Breast milk contains antibodies that protect the baby from illnesses including: gastrointestinal disease, respiratory infections, asthma, obesity, type I and type II diabetes and childhood leukemia. In addition to the benefits breast-feeding offers babies, it offers mothers a reduction in risk for type II diabetes, breast cancer, ovarian cancer and postpartum depression. A healthier baby and mom means both parents can be at work and productive, which seems like a welcome benefit for the employer.[1] Additionally, in 2011 the Health and Human Services Department released a report showing researchers believe that breast-feeding may be particularly beneficial to mothers who have survived childhood cancer. (Source HHS HealthBeat, February 21, 2011.)

Workplace Challenges

Mothers who choose to breast-feed face significant challenges when returning to work after the birth of a child.
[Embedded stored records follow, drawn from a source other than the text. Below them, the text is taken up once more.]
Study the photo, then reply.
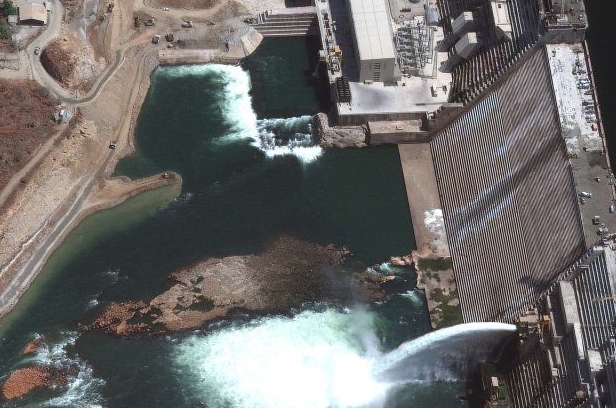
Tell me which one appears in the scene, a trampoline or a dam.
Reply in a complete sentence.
The one in the frame is a dam.
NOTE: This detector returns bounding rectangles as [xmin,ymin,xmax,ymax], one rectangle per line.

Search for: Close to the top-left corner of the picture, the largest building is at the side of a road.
[19,3,47,25]
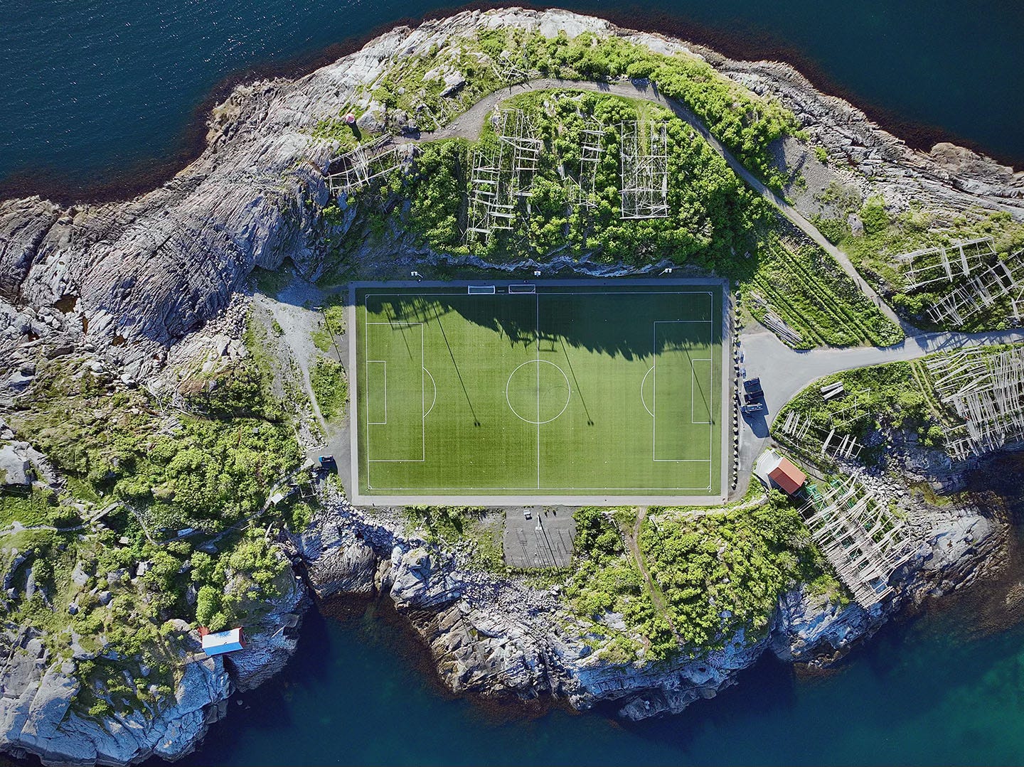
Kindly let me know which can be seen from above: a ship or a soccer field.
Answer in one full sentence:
The image shows a soccer field.
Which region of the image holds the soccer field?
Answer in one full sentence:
You can find the soccer field in the center area of the picture.
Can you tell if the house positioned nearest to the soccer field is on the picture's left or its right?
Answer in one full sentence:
It is on the right.
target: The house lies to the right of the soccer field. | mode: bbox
[755,447,807,495]
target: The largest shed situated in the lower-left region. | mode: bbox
[199,625,247,655]
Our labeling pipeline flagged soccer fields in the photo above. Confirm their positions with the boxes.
[349,279,729,505]
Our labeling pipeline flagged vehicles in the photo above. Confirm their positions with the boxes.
[745,391,765,401]
[318,456,333,463]
[740,403,766,414]
[744,379,762,389]

The commitment to feed a child breast milk requires working mothers to express breast milk at regular intervals throughout the day and properly store the milk for the baby’s consumption. This is generally done with an electric pump that can be carried in a simple backpack. Expressing milk at work can be particularly challenging for mothers who travel or have limited opportunities to express milk while at work. Women who don’t have adequate milk expressing options may often consider taking longer leaves, reducing their hours or even quitting their jobs. An employer can maximize the opportunity for a smooth transition back to work by providing an environment that supports breast-feeding mothers.